Normally you'd just turn off the PDU and pull up its cable. Unfortunately, the PDU had one remaining power cord connected to it, which went to a power bar in the next rack over, which in turn was connected to two crucial systems we couldn't power down (partly because one of them is so old that we're not certain how many more power cycles it has in it). The net effect was a loop through the rack's bottom plate that was pinning the rack more or less into place; certainly we weren't going to get it out of the room.
So we (and by 'we' I mean 'someone else, while I watched a bit') took a hacksaw to the rack's bottom plate, cutting things apart enough that in the end we could pull the PDU's power cable out without having to turn it off. (I believe the PDU is now stashed in the rack that it helps power, probably on top of that rack's own PDU. This is par for our course.)
This probably sort of ruins the rack, but it was an old shallow rack that we have no remaining use for anyways, and it is in the same grand spirit that has seen us drilling out rack screw holes to widen them enough so we can screw rails in. (And to think that I used to innocently believe that racks only came in one universal flavour.)
2007-01-08
What I really want from an automounter
As peculiar as it sounds, I don't like the automatic mounting and unmounting of NFS filesystems.

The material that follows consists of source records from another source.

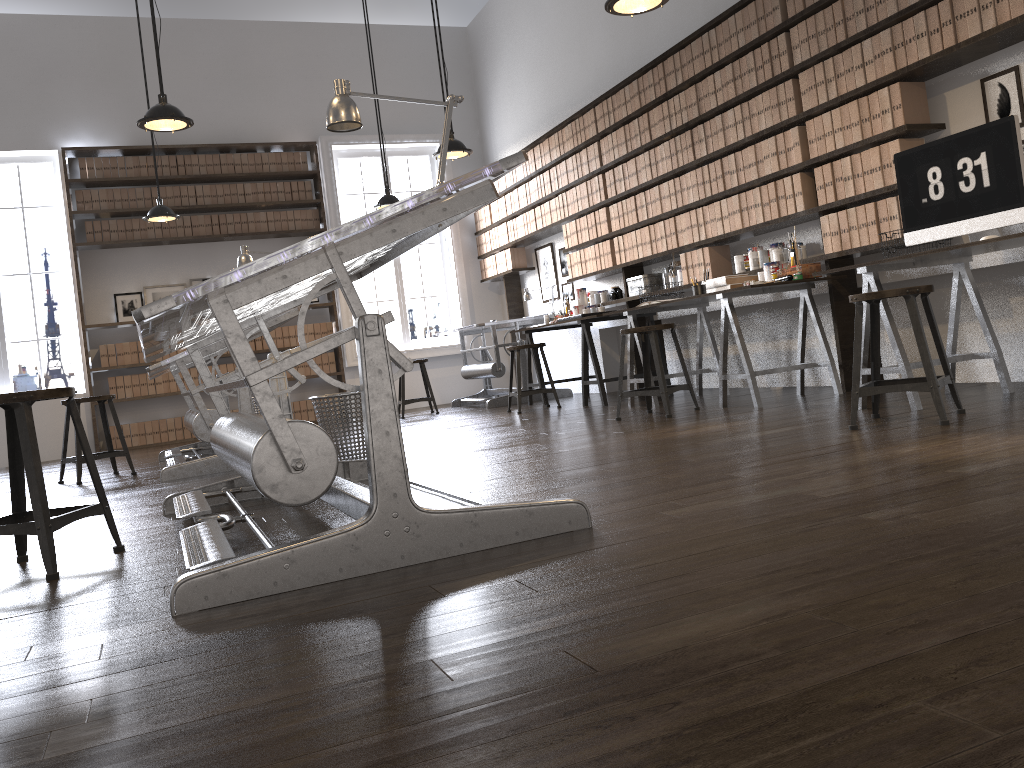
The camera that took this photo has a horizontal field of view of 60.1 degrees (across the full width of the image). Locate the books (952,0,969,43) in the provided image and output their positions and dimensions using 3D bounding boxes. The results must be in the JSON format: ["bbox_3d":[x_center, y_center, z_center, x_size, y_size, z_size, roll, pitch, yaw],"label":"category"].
[{"bbox_3d":[2.137,-1.690,4.093,0.175,0.226,0.066,-7,-1,-22],"label":"books"}]

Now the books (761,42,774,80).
[{"bbox_3d":[1.602,-1.933,5.326,0.175,0.226,0.066,-7,-1,-22],"label":"books"}]

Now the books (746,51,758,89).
[{"bbox_3d":[1.548,-1.931,5.462,0.175,0.226,0.066,-7,-1,-22],"label":"books"}]

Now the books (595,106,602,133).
[{"bbox_3d":[0.788,-2.173,7.268,0.175,0.226,0.066,-7,-1,-22],"label":"books"}]

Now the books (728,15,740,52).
[{"bbox_3d":[1.466,-2.204,5.584,0.175,0.226,0.066,-7,-1,-22],"label":"books"}]

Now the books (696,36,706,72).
[{"bbox_3d":[1.332,-2.198,5.911,0.175,0.226,0.066,-7,-1,-22],"label":"books"}]

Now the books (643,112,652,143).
[{"bbox_3d":[1.081,-1.910,6.613,0.175,0.226,0.066,-7,-1,-22],"label":"books"}]

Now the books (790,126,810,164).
[{"bbox_3d":[1.729,-1.388,5.168,0.175,0.226,0.066,-7,-1,-22],"label":"books"}]

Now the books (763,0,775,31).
[{"bbox_3d":[1.597,-2.211,5.270,0.175,0.226,0.066,-7,-1,-22],"label":"books"}]

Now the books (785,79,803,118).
[{"bbox_3d":[1.698,-1.664,5.177,0.175,0.226,0.066,-7,-1,-22],"label":"books"}]

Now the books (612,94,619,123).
[{"bbox_3d":[0.894,-2.178,7.012,0.175,0.226,0.066,-7,-1,-22],"label":"books"}]

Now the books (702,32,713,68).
[{"bbox_3d":[1.359,-2.199,5.844,0.175,0.226,0.066,-7,-1,-22],"label":"books"}]

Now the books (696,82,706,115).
[{"bbox_3d":[1.346,-1.922,5.974,0.175,0.226,0.066,-7,-1,-22],"label":"books"}]

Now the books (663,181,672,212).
[{"bbox_3d":[1.209,-1.364,6.461,0.175,0.226,0.066,-7,-1,-22],"label":"books"}]

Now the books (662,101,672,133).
[{"bbox_3d":[1.183,-1.914,6.358,0.175,0.226,0.066,-7,-1,-22],"label":"books"}]

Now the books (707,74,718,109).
[{"bbox_3d":[1.393,-1.924,5.842,0.175,0.226,0.066,-7,-1,-22],"label":"books"}]

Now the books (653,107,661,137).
[{"bbox_3d":[1.136,-1.912,6.485,0.175,0.226,0.066,-7,-1,-22],"label":"books"}]

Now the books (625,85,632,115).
[{"bbox_3d":[0.970,-2.181,6.814,0.175,0.226,0.066,-7,-1,-22],"label":"books"}]

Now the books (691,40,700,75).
[{"bbox_3d":[1.312,-2.197,5.971,0.175,0.226,0.066,-7,-1,-22],"label":"books"}]

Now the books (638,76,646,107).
[{"bbox_3d":[1.046,-2.185,6.633,0.175,0.226,0.066,-7,-1,-22],"label":"books"}]

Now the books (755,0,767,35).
[{"bbox_3d":[1.571,-2.209,5.336,0.175,0.226,0.066,-7,-1,-22],"label":"books"}]

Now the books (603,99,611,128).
[{"bbox_3d":[0.834,-2.175,7.141,0.175,0.226,0.066,-7,-1,-22],"label":"books"}]

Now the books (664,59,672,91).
[{"bbox_3d":[1.182,-2.191,6.298,0.175,0.226,0.066,-7,-1,-22],"label":"books"}]

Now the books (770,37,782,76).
[{"bbox_3d":[1.634,-1.935,5.260,0.175,0.226,0.066,-7,-1,-22],"label":"books"}]

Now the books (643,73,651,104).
[{"bbox_3d":[1.073,-2.186,6.567,0.175,0.226,0.066,-7,-1,-22],"label":"books"}]

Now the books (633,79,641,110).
[{"bbox_3d":[1.016,-2.183,6.693,0.175,0.226,0.066,-7,-1,-22],"label":"books"}]

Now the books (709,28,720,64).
[{"bbox_3d":[1.389,-2.201,5.778,0.175,0.226,0.066,-7,-1,-22],"label":"books"}]

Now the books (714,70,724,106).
[{"bbox_3d":[1.422,-1.925,5.776,0.175,0.226,0.066,-7,-1,-22],"label":"books"}]

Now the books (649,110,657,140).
[{"bbox_3d":[1.114,-1.911,6.547,0.175,0.226,0.066,-7,-1,-22],"label":"books"}]

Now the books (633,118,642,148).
[{"bbox_3d":[1.027,-1.907,6.749,0.175,0.226,0.066,-7,-1,-22],"label":"books"}]

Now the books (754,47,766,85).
[{"bbox_3d":[1.579,-1.933,5.398,0.175,0.226,0.066,-7,-1,-22],"label":"books"}]

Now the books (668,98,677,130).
[{"bbox_3d":[1.213,-1.916,6.293,0.175,0.226,0.066,-7,-1,-22],"label":"books"}]

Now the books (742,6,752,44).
[{"bbox_3d":[1.519,-2.207,5.460,0.175,0.226,0.066,-7,-1,-22],"label":"books"}]

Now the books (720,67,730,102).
[{"bbox_3d":[1.447,-1.927,5.718,0.175,0.226,0.066,-7,-1,-22],"label":"books"}]

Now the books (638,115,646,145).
[{"bbox_3d":[1.058,-1.909,6.685,0.175,0.226,0.066,-7,-1,-22],"label":"books"}]

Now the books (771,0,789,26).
[{"bbox_3d":[1.620,-2.211,5.203,0.175,0.226,0.066,-7,-1,-22],"label":"books"}]

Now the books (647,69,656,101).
[{"bbox_3d":[1.096,-2.187,6.500,0.175,0.226,0.066,-7,-1,-22],"label":"books"}]

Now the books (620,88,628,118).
[{"bbox_3d":[0.941,-2.180,6.880,0.175,0.226,0.066,-7,-1,-22],"label":"books"}]

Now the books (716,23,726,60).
[{"bbox_3d":[1.419,-2.202,5.715,0.175,0.226,0.066,-7,-1,-22],"label":"books"}]

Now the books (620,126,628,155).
[{"bbox_3d":[0.947,-1.903,6.942,0.175,0.226,0.066,-7,-1,-22],"label":"books"}]

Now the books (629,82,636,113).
[{"bbox_3d":[0.995,-2.183,6.757,0.175,0.226,0.066,-7,-1,-22],"label":"books"}]

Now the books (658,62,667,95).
[{"bbox_3d":[1.150,-2.190,6.365,0.175,0.226,0.066,-7,-1,-22],"label":"books"}]

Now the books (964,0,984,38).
[{"bbox_3d":[2.156,-1.690,4.029,0.175,0.226,0.066,-7,-1,-22],"label":"books"}]

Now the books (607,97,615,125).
[{"bbox_3d":[0.865,-2.177,7.075,0.175,0.226,0.066,-7,-1,-22],"label":"books"}]

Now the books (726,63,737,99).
[{"bbox_3d":[1.468,-1.927,5.654,0.175,0.226,0.066,-7,-1,-22],"label":"books"}]

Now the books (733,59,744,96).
[{"bbox_3d":[1.498,-1.929,5.594,0.175,0.226,0.066,-7,-1,-22],"label":"books"}]

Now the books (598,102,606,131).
[{"bbox_3d":[0.807,-2.174,7.208,0.175,0.226,0.066,-7,-1,-22],"label":"books"}]

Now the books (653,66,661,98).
[{"bbox_3d":[1.127,-2.189,6.436,0.175,0.226,0.066,-7,-1,-22],"label":"books"}]

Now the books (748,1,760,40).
[{"bbox_3d":[1.540,-2.207,5.396,0.175,0.226,0.066,-7,-1,-22],"label":"books"}]

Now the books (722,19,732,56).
[{"bbox_3d":[1.443,-2.203,5.650,0.175,0.226,0.066,-7,-1,-22],"label":"books"}]

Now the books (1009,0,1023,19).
[{"bbox_3d":[2.240,-1.695,3.835,0.175,0.226,0.066,-7,-1,-22],"label":"books"}]

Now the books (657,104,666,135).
[{"bbox_3d":[1.156,-1.913,6.425,0.175,0.226,0.066,-7,-1,-22],"label":"books"}]

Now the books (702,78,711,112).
[{"bbox_3d":[1.371,-1.923,5.908,0.175,0.226,0.066,-7,-1,-22],"label":"books"}]

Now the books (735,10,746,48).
[{"bbox_3d":[1.494,-2.205,5.517,0.175,0.226,0.066,-7,-1,-22],"label":"books"}]

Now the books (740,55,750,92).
[{"bbox_3d":[1.525,-1.930,5.529,0.175,0.226,0.066,-7,-1,-22],"label":"books"}]

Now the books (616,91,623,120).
[{"bbox_3d":[0.919,-2.179,6.947,0.175,0.226,0.066,-7,-1,-22],"label":"books"}]

I don't have unreliable NFS fileservers and I don't like the various side effects of not having everything mounted; pretty much the only thing it seems good for is making our systems slower and more fragile.
However, one thing that the automounter is good for is maintaining
a nice, organized list of NFS mounts in a format that can be easily
distributed around without problems, and even automatically getting
it right on both the clients and the NFS servers without having to do
anything special. Having in the past built programs to try to maintain
/etc/fstab 'by hand', this is a service that I can reluctantly
appreciate.
So what I really want from the automounter is a magic flag that says 'mount everything (in this map) all the time', with a way to get the automounter to re-read the map and add any new NFS mounts (we rarely remove NFS mounts, so we could handle that by hand). The automounter noticing on its own when the map changes and automatically shuffling mounts around as necessary would be ideal.
While I could build all this by hand, the automounter is ideally placed to do it for me; it already has the maps, the tracking of NFS mounts, and so on. All it would need is a modest amount of additional intelligence and some additional options.
Unfortunately, my odds of persuading anyone else of the wisdom of this crazy idea are probably low. (And I suspect that current automounters don't explicitly check for changed maps and deal with them; they just deal with them implicitly because sooner or later the old NFS mounts that aren't in the maps any more all time out and get unmounted.)
(The automounter is on my mind lately because my (semi-)new job's current environment is heavily automounter based, which causes us periodic heartburn, and we are trying to figure out if we want to keep using the automounter in the new environment we're building or switch to static NFS mounts. I am unfortunately not enthused about either choice; one is convenient heartburn, the other is irksome custom toolbuilding.)